▶ **Data for review**
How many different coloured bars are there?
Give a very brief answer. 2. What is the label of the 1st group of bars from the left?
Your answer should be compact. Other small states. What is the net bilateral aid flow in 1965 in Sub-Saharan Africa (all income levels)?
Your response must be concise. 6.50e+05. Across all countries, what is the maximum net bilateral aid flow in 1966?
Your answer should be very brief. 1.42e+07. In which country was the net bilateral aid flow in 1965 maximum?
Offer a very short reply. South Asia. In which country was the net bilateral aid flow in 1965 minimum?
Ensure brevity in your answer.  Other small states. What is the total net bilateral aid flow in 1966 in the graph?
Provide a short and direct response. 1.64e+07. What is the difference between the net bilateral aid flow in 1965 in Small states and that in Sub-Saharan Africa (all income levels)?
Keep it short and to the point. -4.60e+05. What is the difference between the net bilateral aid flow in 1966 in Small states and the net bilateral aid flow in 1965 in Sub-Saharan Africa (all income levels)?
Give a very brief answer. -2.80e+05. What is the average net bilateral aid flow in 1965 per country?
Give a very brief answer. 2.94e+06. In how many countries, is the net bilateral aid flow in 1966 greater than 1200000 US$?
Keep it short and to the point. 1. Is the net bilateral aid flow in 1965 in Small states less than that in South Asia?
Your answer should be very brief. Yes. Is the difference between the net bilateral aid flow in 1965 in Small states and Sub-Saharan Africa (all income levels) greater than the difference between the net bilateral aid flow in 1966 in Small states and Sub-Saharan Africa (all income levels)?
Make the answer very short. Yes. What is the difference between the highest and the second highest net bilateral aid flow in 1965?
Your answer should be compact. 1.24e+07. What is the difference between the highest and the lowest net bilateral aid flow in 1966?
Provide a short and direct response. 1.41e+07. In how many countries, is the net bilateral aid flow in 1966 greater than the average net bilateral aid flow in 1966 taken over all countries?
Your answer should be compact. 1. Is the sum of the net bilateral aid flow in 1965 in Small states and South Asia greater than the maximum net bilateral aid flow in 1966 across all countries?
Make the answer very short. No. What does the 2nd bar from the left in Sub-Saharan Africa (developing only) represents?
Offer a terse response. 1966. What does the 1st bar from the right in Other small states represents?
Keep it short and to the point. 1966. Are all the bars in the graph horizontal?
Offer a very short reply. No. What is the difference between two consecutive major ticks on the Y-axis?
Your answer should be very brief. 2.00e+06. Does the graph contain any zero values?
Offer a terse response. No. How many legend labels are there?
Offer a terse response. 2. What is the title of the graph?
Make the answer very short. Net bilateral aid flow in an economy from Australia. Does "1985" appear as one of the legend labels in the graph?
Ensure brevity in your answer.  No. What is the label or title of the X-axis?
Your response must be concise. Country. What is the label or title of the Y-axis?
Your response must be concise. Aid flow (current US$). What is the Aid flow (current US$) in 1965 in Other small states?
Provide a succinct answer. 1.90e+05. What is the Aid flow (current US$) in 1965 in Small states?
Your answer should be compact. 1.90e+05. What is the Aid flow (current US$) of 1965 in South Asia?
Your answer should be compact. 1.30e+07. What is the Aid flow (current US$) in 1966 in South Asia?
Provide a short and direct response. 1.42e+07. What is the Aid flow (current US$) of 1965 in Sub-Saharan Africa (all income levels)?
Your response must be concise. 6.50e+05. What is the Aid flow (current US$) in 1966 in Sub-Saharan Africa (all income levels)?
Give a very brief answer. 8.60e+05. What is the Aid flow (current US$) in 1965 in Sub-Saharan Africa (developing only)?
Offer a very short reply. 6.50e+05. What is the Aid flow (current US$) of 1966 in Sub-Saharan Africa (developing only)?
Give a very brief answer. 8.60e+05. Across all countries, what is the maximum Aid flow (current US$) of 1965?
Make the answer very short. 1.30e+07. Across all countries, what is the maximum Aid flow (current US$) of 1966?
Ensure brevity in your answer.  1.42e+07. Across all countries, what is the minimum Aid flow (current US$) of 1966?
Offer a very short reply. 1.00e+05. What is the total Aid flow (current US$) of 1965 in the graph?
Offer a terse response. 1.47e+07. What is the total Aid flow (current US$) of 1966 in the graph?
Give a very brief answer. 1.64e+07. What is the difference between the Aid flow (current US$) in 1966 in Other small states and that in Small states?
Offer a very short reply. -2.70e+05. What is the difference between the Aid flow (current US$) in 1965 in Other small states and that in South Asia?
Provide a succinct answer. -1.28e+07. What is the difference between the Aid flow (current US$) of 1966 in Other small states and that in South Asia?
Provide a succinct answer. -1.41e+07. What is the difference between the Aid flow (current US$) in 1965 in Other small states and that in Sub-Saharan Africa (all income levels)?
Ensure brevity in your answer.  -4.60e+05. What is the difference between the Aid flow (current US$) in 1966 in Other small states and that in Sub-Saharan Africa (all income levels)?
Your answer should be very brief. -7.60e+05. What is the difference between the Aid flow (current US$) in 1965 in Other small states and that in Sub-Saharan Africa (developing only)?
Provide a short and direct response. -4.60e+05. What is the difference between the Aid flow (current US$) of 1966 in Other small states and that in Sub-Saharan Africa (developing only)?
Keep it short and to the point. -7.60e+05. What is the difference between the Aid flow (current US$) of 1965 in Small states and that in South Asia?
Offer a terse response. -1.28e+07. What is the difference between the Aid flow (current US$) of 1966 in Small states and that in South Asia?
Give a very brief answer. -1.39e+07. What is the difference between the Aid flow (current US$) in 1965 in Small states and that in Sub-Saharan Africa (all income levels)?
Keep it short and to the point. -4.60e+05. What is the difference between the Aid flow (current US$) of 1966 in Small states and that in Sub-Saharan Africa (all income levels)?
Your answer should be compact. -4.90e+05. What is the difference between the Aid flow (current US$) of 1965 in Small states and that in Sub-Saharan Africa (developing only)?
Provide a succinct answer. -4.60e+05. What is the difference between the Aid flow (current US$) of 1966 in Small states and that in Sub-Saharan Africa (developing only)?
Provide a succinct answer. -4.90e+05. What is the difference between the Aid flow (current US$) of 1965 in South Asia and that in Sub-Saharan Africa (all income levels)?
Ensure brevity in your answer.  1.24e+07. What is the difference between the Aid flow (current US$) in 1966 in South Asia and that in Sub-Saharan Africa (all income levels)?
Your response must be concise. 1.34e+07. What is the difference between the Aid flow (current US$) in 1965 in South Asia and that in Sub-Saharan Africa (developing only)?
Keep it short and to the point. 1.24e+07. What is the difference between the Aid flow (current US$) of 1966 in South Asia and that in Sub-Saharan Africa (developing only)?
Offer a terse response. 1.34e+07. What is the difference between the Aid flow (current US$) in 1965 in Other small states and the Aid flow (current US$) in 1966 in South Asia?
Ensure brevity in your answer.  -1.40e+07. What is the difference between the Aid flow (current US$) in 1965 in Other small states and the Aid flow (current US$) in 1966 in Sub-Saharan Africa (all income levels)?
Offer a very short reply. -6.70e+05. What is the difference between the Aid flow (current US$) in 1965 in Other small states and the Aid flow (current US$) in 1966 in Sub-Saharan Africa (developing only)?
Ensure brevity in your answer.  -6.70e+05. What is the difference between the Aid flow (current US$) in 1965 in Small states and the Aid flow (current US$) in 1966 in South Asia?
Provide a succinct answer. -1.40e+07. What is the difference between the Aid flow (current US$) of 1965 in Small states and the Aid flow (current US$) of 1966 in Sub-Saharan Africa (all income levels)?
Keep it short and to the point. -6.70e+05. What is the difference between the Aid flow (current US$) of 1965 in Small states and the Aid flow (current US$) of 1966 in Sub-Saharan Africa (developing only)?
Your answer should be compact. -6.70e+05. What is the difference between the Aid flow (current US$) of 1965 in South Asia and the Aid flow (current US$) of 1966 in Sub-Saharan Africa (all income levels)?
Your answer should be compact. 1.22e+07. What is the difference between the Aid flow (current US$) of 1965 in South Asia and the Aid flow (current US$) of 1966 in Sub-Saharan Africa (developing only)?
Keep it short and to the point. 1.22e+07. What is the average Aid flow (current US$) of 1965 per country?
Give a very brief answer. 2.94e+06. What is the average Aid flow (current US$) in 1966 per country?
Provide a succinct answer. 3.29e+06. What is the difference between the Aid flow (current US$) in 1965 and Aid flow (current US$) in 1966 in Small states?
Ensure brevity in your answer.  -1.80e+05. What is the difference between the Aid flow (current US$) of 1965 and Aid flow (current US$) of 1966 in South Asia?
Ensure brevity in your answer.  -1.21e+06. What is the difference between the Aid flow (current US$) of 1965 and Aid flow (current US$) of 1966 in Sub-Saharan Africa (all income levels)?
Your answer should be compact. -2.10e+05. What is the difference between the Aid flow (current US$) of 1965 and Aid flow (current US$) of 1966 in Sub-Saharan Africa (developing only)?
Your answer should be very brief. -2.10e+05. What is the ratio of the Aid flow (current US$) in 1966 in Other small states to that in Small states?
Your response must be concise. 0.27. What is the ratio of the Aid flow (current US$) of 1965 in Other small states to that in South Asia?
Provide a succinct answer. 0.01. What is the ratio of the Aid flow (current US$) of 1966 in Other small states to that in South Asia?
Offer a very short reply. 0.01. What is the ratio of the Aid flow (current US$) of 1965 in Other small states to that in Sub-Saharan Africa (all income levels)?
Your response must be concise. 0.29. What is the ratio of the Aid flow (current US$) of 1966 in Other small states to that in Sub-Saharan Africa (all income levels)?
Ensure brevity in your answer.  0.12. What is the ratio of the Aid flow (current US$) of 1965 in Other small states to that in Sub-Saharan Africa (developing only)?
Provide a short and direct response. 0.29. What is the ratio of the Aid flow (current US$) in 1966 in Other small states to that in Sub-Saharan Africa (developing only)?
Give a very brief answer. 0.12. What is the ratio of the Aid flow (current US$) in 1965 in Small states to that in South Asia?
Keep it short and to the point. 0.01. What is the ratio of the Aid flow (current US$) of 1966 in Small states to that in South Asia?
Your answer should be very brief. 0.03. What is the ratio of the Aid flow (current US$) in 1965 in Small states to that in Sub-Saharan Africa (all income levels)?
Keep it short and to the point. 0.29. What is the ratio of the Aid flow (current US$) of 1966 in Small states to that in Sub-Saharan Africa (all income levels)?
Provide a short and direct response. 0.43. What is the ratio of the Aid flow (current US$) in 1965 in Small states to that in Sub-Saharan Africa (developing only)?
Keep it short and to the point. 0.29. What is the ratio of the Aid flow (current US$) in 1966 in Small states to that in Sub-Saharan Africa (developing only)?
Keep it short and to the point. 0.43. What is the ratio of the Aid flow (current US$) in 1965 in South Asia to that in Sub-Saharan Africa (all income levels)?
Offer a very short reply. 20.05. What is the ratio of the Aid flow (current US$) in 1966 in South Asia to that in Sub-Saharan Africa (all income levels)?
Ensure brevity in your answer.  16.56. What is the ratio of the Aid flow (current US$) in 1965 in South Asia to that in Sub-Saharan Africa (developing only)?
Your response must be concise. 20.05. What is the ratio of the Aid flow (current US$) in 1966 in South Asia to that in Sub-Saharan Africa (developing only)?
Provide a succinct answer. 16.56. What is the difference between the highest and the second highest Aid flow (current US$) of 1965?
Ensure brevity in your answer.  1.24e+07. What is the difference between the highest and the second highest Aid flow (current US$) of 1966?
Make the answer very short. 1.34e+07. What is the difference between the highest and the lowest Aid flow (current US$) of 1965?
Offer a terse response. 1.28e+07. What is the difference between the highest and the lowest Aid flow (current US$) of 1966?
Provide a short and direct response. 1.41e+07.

▶ **What needs to be done**
For every line above in which the string "greater" appears, add one; please give the final count and nothing else.

▶ **Reply**
4